17. My mother decided she wanted to work and not stay home anymore (not related to the witch incident) and got a job when my brothers and I were 12, 10, and 6. I am the oldest. We had a wonderful housekeeper named Mrs. Russell who my youngest brother Michael thought was his mother for years.
18. In her late 30s, my mother decided to go back to school and went on to earn a Masters Degree in Education graduating summa cum laude.
19. My mother has never been social. My high school girlfriend Vicki and I nicknamed her The Good Neighbor because she wasn’t. These days I tell her she invented Anti-Social Media.
20. She is a fabulous gourmet cook. We were always surprised with some kind of extravagant feast she found recipes for in her huge cookbook collection. She taught me how to make nearly everything I can cook.
21. I found a suede jacket with fringe on it, hippie style, in her closet once, leftover from her Tucson western high school days, and I wore until it fell apart.
22. Her knowledge is near encyclopedic. If I want to know something, I usually ask her first before I Google it.
23. She had two sisters. Patty, who died in 1974, and Doree, who died when she was three years old, after whom I’m named.
24. My mother has always been an avid reader. She taught me to read when I was two years old. In high school, she gave me books like The Invisible Man, Atlas Shrugged, and The Autobiography of Malcolm X. She bought me nearly all of the American and British classics when I was in grade school. Her bedtime stories were from Rudyard Kipling’s Just So stories.
25. Perhaps the most important things my mother taught me were to be kind, polite, the importance of thank you notes–and to seek out those who stand alone.

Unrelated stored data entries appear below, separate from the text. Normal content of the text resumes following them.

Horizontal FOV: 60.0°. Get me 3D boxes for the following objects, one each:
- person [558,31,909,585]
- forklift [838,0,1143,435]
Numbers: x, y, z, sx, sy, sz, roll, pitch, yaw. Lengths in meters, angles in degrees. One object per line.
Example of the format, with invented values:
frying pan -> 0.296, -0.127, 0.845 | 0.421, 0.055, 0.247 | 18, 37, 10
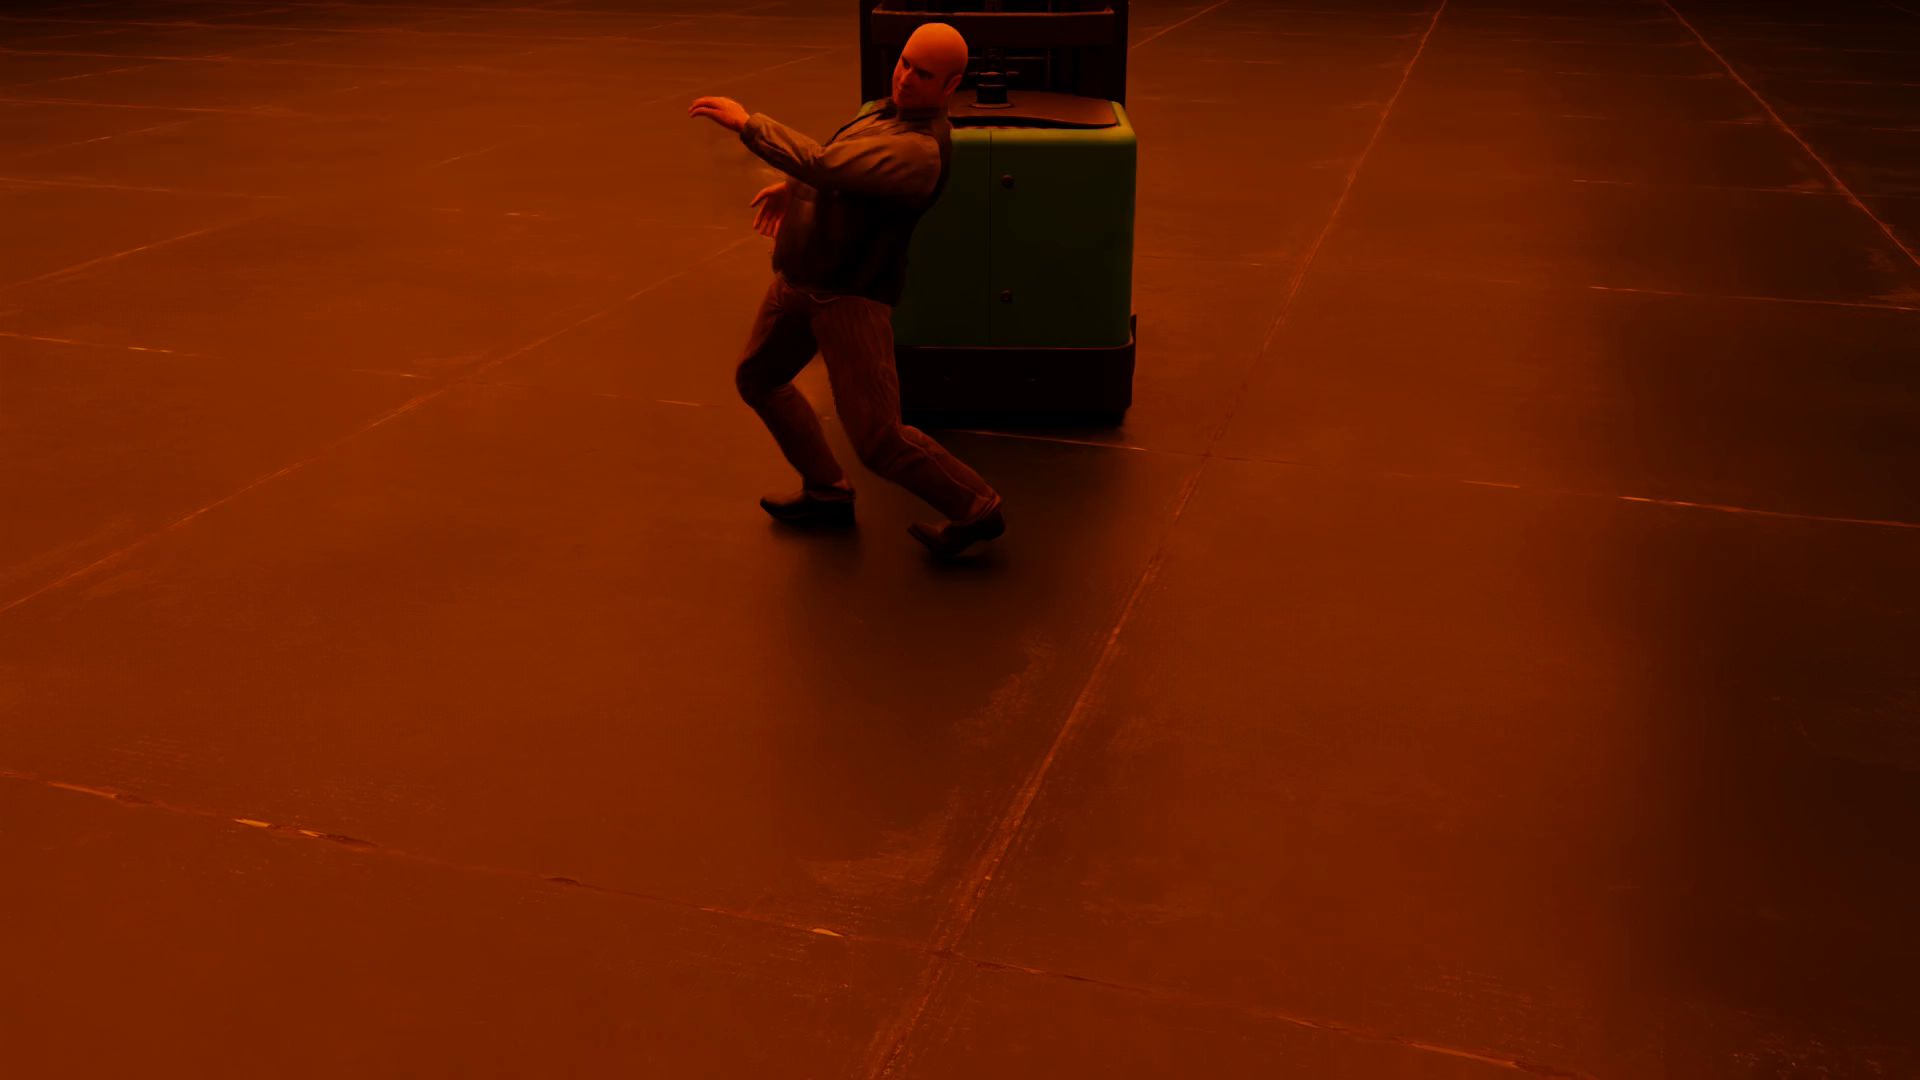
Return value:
person -> -0.662, -0.575, 4.562 | 0.873, 1.551, 1.065 | -9, 24, -21
forklift -> 0.137, -2.239, 6.703 | 1.130, 2.935, 3.031 | 1, 22, 1

Photo: ©Dori Owen All Rights Reserved

Written by 

Dori Owen is a storyteller, writing from small town Arizona, after living a few decades in California as an LA Wild Child, with a brief stop in Reno. She settled into grownup life as a project manager, collecting an MBA and a few husbands along the way. She is a shown artist and her favorite pastime is upcycling old furniture and decor she finds from thrift stores. She lives with the cat who came to visit but stayed. The love of her life is her grown son who lives in Portland, Oregon. Her essays and poems have been published in RAW&UNFILTERED VOL I, StigmaFighters Vol 2, and Love Notes From Humanity. Her blogs have been featured on The Lithium Chronicles, Open Thought Vortex, Sudden Denouement, and The Mighty.

3 thoughts on “25 Things About My Mother

  1. Your mother sounds like a fascinating person! I especially enjoyed the story about her squishing all of her kids’ names into one long name. My parents did that, too, when my siblings and I were growing up.

  2. What a wonderful testimonial Dori! I’d love to have met her. She sounds so colorful, and so totally her own person!